Time zones are a measure of the curvature of the earth. When I travel from New York to California, I know that noon has changed, trusting only my wristwatch. In fact, it was pretty clear to my circadian rhythm. Or just make a phone call to someone you trust on the other coast. Most of the time I don’t discuss sunlight on such calls, but it has come up.
I’ve traveled shorter distances north-south. I’ve been to Glasgow, which is 15 degrees north of NYC. If I went in the spring, there’s probably little to notice, but I went near the solstice, when it was obvious that the nights were much shorter. Similarly, if you go south 15 degrees to Miami, I’m told that the winter and summer day lengths are obviously moderated.
Accurate clocks and instant communication give us a big advantage over the ancients, but the north-south method is largely unchanged.
Added: East-West travel produces a linear effect. North-South travel produces non-linear effects, which can be easy to notice. If I were measuring the height of the sun at noon, that would be linear in the latitude. 15 degrees might be enough to measure without instruments, if I chose to think about it. But the length of the night is not linear. Summer solstice night heads to zero not at the north pole, but just at the arctic circle. So summer solstice in Glasgow was obviously shorter than any night I had previously experienced, maybe cut in half. Whereas summer solstice in Miami is shorter than summer solstice in New York, but just an ordinary length day from other times of the year. Maybe if I had thought to ask the question I could have told the difference without a clock, but I didn’t think about it, whereas the night in Scotland was striking and a topic of conversation. If someone from Miami comes to New York for the solstice, he will experience the shortest night of his life, which might be obvious, but it won’t as dramatic as half the length he’s used to. I knew a guy who moved from Miami to New York and he noticed it, but I think it was about the experience of life, not a single night. There is another non-linear effect as you head to the tropics, which is the solstice shadows at noon shorten to zero. That might be obvious to some people, but it’s not the kind of thing I pay attention to.

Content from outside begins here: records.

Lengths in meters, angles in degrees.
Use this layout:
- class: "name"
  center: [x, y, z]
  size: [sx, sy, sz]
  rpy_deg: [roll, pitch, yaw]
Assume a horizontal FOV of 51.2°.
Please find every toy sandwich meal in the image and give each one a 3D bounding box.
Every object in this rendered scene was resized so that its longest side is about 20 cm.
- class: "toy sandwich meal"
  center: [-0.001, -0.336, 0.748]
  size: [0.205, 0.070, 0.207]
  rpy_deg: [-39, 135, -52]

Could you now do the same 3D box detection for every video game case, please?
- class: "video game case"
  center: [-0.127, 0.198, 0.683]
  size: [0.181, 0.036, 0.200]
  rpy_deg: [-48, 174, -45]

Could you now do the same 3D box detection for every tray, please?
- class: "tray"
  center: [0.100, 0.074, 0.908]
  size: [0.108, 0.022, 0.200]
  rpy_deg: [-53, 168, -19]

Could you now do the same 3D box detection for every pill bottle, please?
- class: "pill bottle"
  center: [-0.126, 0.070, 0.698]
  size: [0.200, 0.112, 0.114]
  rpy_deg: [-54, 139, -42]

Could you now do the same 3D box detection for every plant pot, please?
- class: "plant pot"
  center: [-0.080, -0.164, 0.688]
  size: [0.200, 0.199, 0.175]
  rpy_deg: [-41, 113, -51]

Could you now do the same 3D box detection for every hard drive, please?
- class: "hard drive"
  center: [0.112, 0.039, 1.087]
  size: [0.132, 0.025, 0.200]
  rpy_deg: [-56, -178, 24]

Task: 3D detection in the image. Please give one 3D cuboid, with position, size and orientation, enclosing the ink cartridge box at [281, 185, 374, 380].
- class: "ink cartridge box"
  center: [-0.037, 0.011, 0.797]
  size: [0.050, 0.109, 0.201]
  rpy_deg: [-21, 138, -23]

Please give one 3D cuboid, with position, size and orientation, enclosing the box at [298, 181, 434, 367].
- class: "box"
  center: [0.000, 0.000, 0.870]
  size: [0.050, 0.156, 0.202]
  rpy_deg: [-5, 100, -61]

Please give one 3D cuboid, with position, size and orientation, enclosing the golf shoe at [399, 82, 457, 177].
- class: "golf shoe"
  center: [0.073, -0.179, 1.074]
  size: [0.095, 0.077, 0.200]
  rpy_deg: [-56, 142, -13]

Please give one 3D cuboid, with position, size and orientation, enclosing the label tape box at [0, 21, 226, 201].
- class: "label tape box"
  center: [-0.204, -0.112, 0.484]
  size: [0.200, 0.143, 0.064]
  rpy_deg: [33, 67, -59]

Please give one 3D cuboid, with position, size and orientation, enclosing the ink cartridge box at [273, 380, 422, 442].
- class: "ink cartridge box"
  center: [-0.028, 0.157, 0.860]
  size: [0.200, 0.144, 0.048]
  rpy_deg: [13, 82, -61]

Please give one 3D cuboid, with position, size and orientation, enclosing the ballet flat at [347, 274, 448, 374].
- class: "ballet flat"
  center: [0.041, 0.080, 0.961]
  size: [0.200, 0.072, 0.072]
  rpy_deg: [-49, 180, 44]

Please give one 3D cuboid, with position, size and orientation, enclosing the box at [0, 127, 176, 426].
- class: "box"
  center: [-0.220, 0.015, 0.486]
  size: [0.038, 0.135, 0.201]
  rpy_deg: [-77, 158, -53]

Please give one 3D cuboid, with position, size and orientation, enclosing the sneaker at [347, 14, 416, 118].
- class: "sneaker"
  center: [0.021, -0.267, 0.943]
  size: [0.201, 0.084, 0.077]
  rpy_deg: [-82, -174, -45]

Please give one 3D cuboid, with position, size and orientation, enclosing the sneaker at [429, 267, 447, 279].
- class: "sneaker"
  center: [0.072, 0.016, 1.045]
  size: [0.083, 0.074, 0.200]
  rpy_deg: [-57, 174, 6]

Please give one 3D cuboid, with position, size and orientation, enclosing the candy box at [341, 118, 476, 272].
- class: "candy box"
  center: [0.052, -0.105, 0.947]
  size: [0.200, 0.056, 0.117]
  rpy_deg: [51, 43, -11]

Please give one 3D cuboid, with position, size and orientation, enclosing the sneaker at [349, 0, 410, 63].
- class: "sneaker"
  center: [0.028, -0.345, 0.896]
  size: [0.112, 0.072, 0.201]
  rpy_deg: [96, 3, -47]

All the modeling efforts talked about in the write-up are doomed because they don’t understand the role of the control system
Is that a forward-looking prediction? What consequences was UIUC doomed to? The article ends its coverage of UIUC in early September, declaring it a failure. But, in fact, it achieved its goal of keeping infections below 5k. You could credit that to “the control system,” the panic caused by the early spike that got all the news coverage, but it’s still a success.
If it’s so cheap and easy to make vaccines, why aren’t commercial ones made this way? In particular, the Novavax vaccine sounds similar, so why wasn’t that the first vaccine to market?
Added: Specifically, the ultimate purpose of a vaccine is to get protein into the body. Traditional vaccines grow the virus using its own reproductive apparatus. Fancy new vaccines, like the adenovirus and mRNA vaccines inject instructions and induce the subject to manufacture proteins. But if it’s so easy to just print proteins, why don’t we do that? That’s what Novavax does, unlike the ~7 vaccines that beat it to market.
Added: one difference is that all the vaccines that made it to market, including, I think, Novavax, used the whole spike protein, whereas this proposal uses short peptides. Identifying the right short snippets takes time, while using the whole protein is simpler and more likely to work. The cost of peptides is probably super-linear in length. Still, I remain confused about Novavax.